### Recorded information ###

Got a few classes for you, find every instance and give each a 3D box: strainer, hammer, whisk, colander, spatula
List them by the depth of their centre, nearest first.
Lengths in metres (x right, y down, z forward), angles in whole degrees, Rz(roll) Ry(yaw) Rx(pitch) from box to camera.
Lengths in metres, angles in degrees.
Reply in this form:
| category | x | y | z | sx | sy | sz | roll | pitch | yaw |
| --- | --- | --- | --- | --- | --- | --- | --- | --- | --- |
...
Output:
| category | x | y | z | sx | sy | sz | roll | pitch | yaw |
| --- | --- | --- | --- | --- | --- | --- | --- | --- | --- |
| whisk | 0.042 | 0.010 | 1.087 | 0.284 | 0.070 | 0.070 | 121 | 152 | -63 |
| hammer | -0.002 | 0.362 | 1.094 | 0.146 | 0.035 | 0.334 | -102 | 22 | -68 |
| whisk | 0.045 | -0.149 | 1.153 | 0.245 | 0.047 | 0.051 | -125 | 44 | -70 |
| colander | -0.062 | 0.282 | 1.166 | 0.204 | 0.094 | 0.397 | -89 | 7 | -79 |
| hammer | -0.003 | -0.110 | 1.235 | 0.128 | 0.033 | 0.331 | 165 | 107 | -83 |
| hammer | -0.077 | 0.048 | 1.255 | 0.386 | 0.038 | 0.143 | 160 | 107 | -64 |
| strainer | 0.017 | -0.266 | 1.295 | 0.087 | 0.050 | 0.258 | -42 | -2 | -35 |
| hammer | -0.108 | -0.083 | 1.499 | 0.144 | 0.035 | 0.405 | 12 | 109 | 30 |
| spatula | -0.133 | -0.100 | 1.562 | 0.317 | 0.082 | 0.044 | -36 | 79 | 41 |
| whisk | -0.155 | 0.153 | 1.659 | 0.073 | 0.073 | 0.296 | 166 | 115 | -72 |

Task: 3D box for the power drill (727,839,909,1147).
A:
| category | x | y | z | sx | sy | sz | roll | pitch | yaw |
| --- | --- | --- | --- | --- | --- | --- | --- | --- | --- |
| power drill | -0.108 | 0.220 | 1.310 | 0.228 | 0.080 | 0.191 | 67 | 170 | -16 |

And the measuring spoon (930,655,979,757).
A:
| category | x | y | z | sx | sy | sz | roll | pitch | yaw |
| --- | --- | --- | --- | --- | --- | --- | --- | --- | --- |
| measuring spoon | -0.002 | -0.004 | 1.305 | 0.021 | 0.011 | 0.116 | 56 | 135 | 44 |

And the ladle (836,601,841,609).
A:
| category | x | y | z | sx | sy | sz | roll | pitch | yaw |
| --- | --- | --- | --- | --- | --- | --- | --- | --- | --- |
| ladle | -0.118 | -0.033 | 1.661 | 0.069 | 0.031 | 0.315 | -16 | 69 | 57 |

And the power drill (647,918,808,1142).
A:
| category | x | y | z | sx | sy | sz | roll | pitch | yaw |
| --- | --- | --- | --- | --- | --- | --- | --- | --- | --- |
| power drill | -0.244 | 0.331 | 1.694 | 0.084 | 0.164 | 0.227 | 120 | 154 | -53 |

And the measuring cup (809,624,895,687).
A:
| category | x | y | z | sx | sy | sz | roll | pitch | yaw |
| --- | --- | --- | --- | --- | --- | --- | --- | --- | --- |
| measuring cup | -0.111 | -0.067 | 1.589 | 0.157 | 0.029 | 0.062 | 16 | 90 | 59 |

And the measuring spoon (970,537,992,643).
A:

###
### Recorded information ###

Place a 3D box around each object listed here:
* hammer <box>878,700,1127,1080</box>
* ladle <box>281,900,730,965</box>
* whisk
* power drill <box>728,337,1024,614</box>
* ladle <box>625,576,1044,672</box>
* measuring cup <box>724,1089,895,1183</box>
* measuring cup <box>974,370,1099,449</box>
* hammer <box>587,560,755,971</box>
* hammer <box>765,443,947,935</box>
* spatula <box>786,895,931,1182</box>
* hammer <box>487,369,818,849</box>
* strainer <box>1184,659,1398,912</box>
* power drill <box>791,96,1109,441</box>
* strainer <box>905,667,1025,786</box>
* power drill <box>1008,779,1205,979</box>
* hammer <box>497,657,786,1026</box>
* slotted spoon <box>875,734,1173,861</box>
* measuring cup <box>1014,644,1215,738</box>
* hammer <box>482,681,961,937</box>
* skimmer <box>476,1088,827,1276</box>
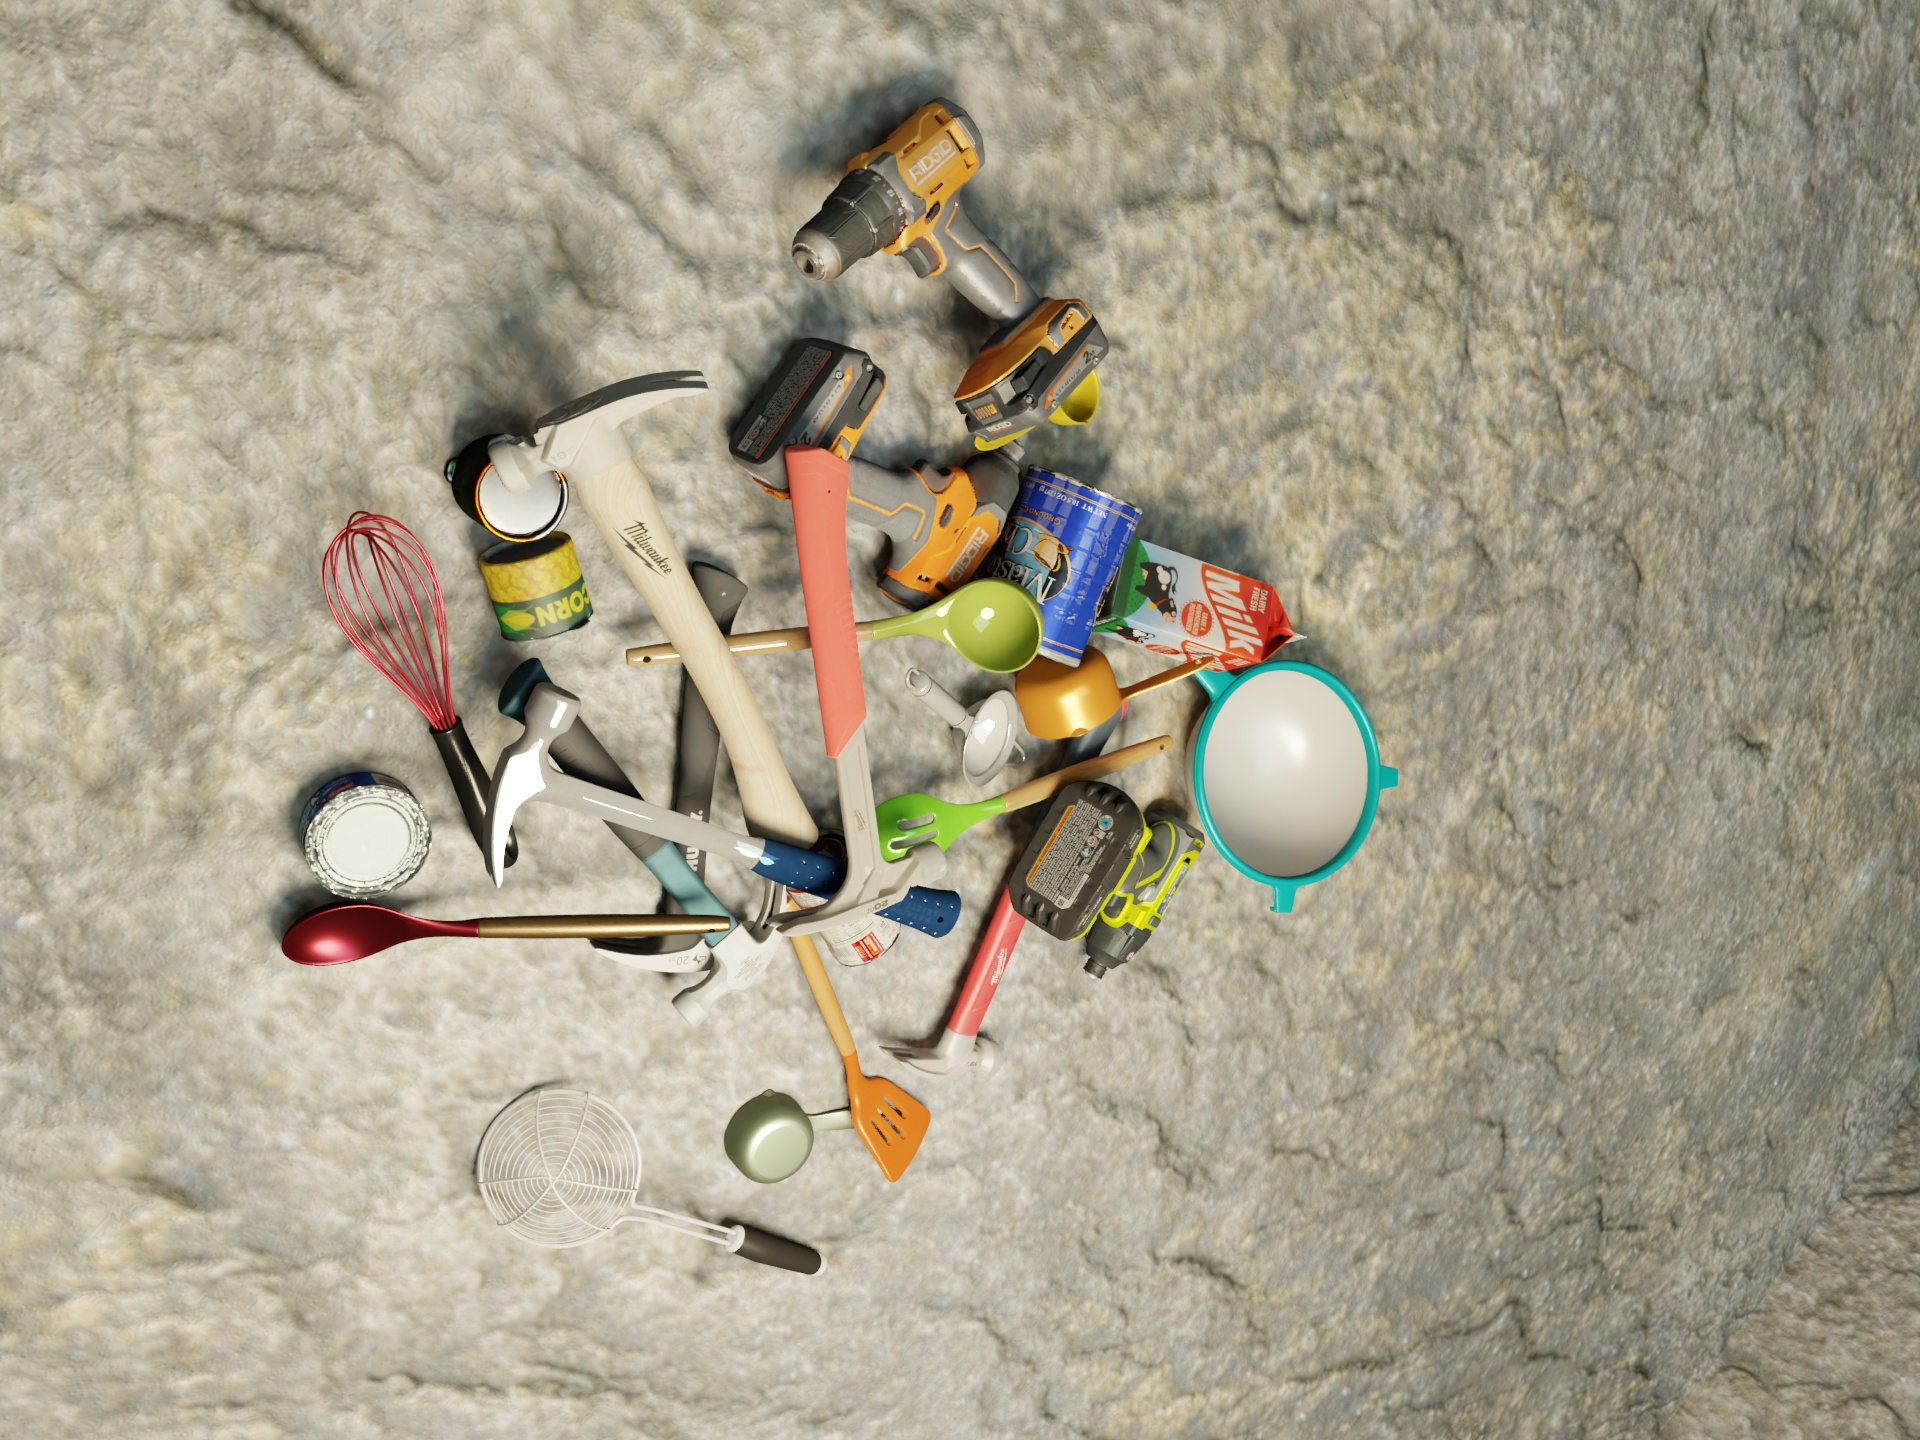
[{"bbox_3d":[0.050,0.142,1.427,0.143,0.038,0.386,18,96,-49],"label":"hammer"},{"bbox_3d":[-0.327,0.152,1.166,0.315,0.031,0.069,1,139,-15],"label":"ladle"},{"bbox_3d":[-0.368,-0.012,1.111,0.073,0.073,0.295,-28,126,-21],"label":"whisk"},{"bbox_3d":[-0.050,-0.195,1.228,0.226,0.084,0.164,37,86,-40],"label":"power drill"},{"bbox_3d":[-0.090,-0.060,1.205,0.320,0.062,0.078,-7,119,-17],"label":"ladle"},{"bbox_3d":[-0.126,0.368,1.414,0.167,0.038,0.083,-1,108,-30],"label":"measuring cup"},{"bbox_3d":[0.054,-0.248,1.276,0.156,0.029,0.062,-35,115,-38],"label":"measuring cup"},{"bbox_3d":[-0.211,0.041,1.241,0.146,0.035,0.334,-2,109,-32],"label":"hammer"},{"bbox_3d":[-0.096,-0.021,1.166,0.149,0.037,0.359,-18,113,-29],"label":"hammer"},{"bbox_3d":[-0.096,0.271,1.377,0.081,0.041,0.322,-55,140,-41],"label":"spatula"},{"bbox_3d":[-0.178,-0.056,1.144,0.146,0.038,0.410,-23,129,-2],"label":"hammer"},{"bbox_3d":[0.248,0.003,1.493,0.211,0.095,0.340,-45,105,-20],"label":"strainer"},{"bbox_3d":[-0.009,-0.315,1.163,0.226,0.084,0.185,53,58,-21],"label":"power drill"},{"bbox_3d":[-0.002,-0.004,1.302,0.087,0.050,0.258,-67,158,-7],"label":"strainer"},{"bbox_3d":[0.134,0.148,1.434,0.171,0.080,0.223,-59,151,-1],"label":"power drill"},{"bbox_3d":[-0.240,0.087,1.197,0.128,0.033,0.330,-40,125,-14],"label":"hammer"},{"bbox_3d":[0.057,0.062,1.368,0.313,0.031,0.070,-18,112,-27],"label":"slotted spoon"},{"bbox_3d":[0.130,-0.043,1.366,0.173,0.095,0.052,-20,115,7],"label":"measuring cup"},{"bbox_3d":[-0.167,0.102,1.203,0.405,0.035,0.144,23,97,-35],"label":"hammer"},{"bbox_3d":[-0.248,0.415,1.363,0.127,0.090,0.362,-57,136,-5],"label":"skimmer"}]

###
### Recorded information ###

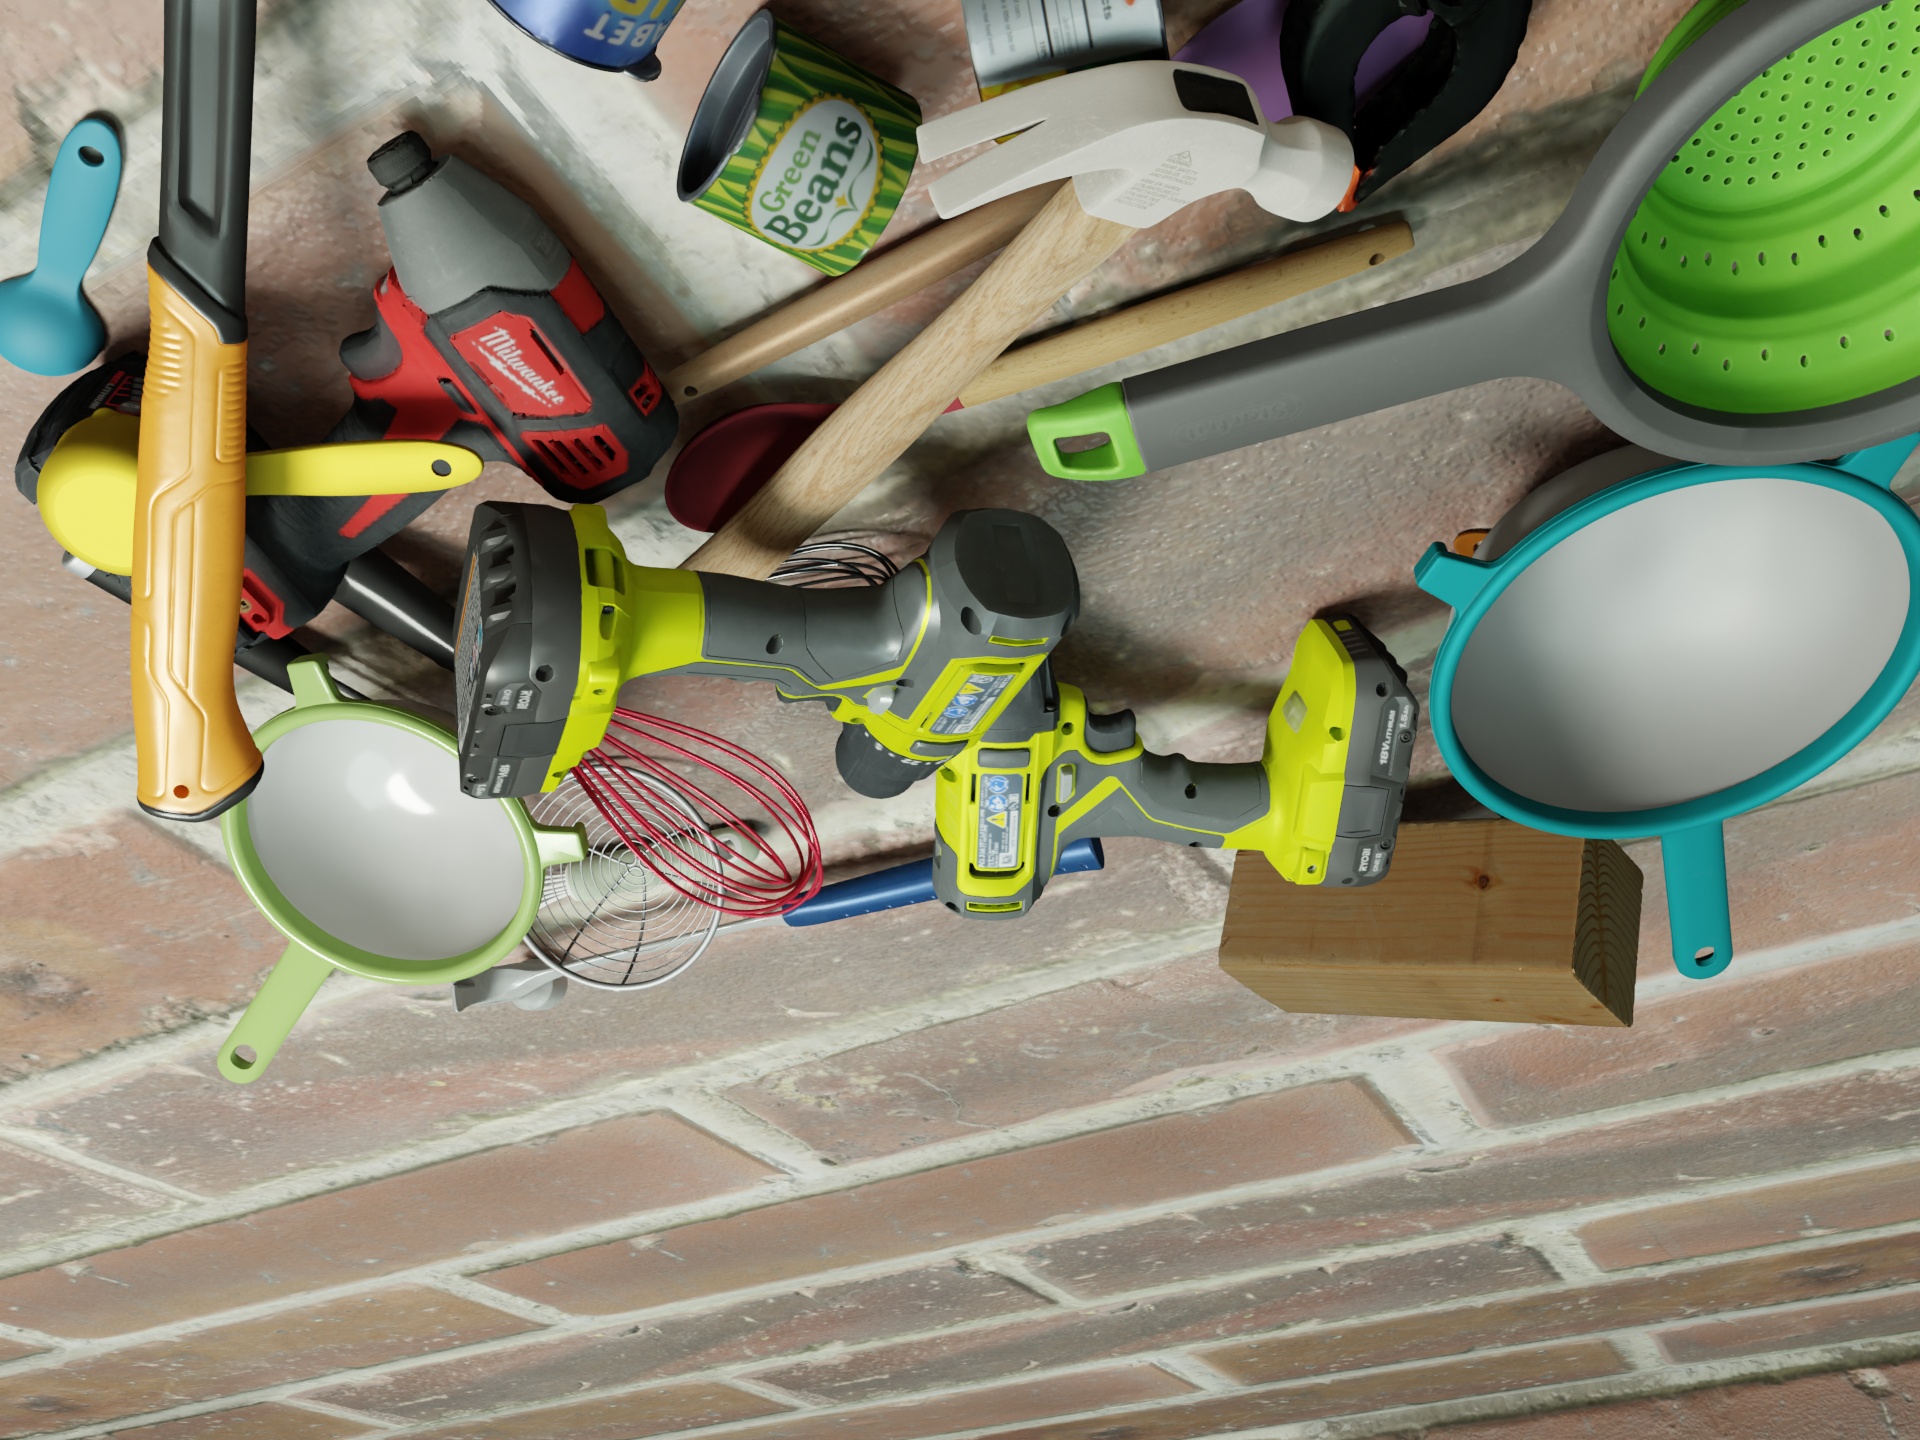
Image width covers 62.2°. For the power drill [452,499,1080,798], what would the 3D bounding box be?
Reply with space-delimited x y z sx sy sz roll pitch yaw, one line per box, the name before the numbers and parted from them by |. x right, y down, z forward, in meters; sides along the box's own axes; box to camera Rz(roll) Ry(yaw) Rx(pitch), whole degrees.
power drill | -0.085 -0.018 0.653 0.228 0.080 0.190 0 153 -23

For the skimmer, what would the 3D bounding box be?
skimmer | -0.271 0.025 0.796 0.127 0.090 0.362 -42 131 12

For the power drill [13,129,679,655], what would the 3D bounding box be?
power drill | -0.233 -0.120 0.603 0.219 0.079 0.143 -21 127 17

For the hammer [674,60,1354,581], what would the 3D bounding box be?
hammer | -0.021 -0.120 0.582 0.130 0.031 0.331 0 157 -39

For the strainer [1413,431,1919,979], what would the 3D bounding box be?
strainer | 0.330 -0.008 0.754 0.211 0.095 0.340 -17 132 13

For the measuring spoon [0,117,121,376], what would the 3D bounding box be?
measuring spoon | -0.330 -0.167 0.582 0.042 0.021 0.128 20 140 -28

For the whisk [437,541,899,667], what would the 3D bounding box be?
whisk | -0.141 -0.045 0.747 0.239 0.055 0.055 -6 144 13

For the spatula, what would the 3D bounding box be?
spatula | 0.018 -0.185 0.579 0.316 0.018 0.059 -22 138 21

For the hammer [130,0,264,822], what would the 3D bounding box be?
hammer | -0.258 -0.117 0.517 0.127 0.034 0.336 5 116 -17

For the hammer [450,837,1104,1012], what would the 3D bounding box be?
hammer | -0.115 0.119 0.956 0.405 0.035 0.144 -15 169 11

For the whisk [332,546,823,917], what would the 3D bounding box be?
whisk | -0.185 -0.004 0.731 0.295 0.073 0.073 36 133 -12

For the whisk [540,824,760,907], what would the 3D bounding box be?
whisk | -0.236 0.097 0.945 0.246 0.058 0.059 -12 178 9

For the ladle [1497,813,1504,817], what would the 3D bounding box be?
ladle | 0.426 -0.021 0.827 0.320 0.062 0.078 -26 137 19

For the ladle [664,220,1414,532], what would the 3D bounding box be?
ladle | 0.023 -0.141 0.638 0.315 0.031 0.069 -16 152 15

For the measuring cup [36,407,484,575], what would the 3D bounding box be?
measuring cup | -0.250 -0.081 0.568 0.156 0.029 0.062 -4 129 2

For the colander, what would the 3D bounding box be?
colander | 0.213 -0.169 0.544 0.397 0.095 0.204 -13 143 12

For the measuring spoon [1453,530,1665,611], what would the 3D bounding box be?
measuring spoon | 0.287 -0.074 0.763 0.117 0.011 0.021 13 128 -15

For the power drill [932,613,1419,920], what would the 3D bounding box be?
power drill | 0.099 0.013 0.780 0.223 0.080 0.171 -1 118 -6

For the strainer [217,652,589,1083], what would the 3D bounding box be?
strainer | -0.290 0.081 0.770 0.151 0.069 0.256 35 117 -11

###

▸ What you should do:
For the string "Lengths", go line by line through the material and copy every line that has it.

▸ Answer for the task:
Lengths in metres (x right, y down, z forward), angles in whole degrees, Rz(roll) Ry(yaw) Rx(pitch) from box to camera.
Lengths in metres, angles in degrees.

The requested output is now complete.